Overview

In the recent decades a lot of researches focused on the computer based human speech processing and speech recognition with varying success. There are two core elements of such systems.

  • The first one is the feature vector of the given voice containing its most relevant parameters.
  • The other one is an artificial intelligence (AI) system, which is able to distinguish between different cases and make decisions in specific situations.

Besides these researches in the Laboratory of Speech Acoustics (LSA) we are also working on the development of an infocommunication based system, that relies on eHelath and Telemedicine methodologies, in order to increase the quality of the diagnoses of speech disorders and improve the quality of the speech therapies. A system like this would provide a fast and easy connection between patients and doctors to help the diagnosis and the monitoring of the patients. It would also provide easy adjustment options for the speech therapies and provide help to teach the patients the correct voice production without leaving their homes.

Database Collection

One of the biggest challenge in this research is to create a significantly big pathological voice database for statistical evaluation of effectiveness and correctness of the different approaches.


In order to provide such a database, in the LSA we are continuously collaborate with medical doctors and hospitals where the speech of the patients are recorded by following a controlled and predefined protocol. Two types of speech are collected from each patient: one is always a sustained vowel (if it is possible repeated 3 times) and the other one is a read text which is regularly used in such phoniatric researches (The North Wind and the Sun). The speech is always recorded in Hungarian language as it is the mother tongue of each patient recorded in our database. The database contains the gender, the age and the diagnosed pathological disorder of the patient, which are validated by the medical doctors. Besides the diagnosis a so called RBH scale (R:Rauchigkeit - roughness, B:Behauchtheit-airness, H:Heiserkeit-hoarseness) is used to classify the patients voice based on the quality of their speech. The RBH values are determined on a 1-4 scale per each by the medical doctors based on their hearing. This semi-subjective scale provides a possible classification method where the hearing of the medical doctors can be characterized according to the different voice disorders.

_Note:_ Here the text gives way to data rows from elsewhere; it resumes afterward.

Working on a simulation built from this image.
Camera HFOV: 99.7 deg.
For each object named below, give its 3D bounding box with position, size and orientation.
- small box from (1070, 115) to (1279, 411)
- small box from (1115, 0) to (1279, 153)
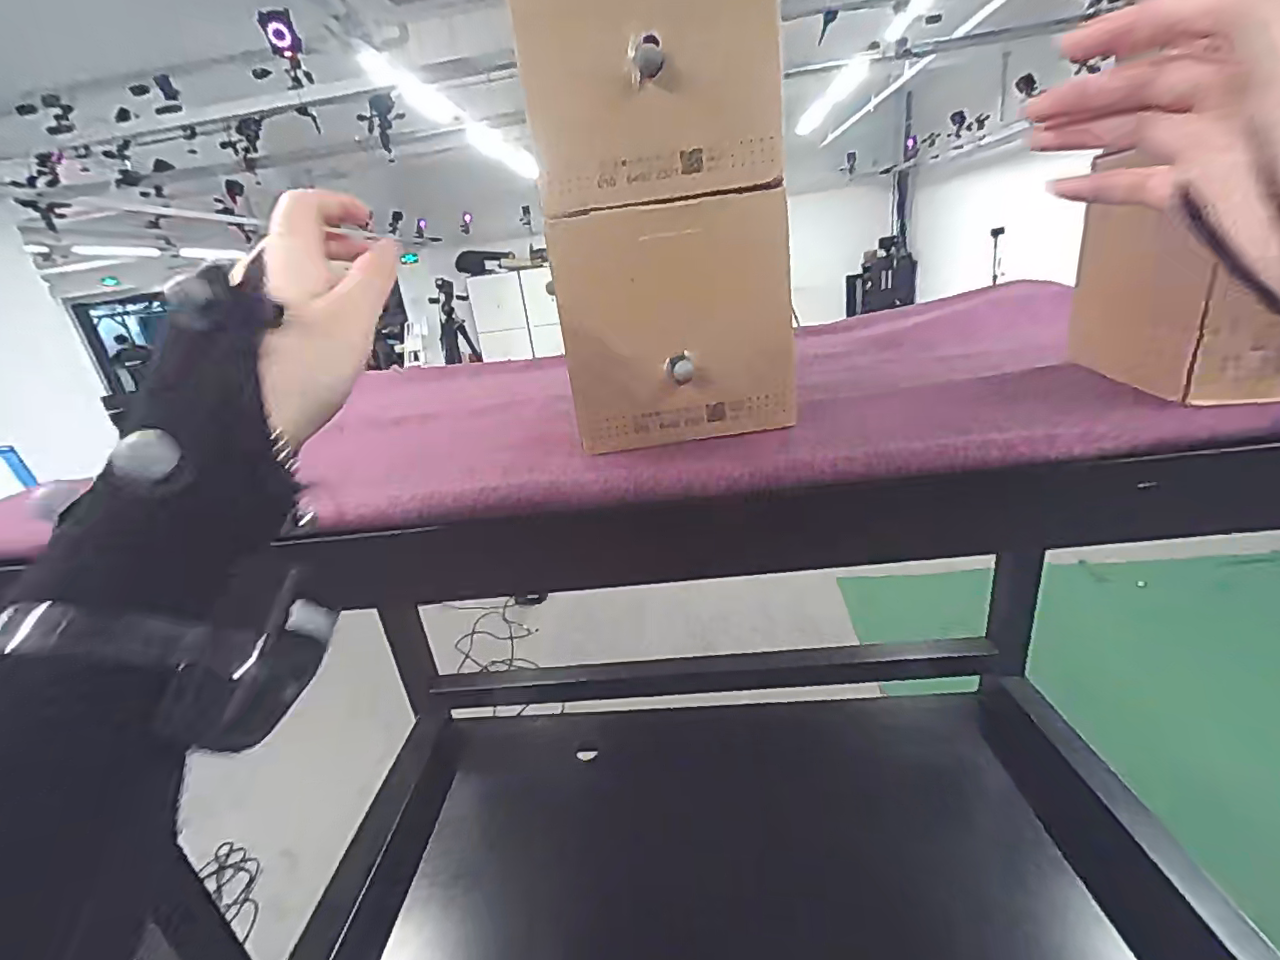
[{"bbox_3d":[0.436,-0.151,0.372,0.168,0.176,0.179,-2,23,15],"label":"small box"},{"bbox_3d":[0.414,-0.297,0.306,0.168,0.176,0.179,-2,24,20],"label":"small box"}]

Preprocessing and classification

To characterize such speech production problems like vocal tract cancer, it is mandatory to identify features which are unique for the given disorders. In the LSA we are mainly focusing on linear and non-liner acoustic phonetic parameters and their statistics (mean, median, distribution, variance etc. ):

  • Jitter
  • Shimmer
  • HNR - Harmonicity to noise ratio
  • MFCC
  • SPI - Soft Phonation Index

For optimal feature vector selection Forward Feature Selection (FFS) is used to define the most significant parameters that can describe the given disorder. After the feature selection different classification and artificial intelligent methods are used to find the best model for a clinical decision support system, which is accurate enough to use in medical applications. Mainly in the LSA we are using Support Vector based statistical models like SVR(Support Vector Regression) or SVM (Support Vector Machine), but also soft computing based models are developed for such multi-dimensional classification problems like Fuzzy or Neural Network based classifiers.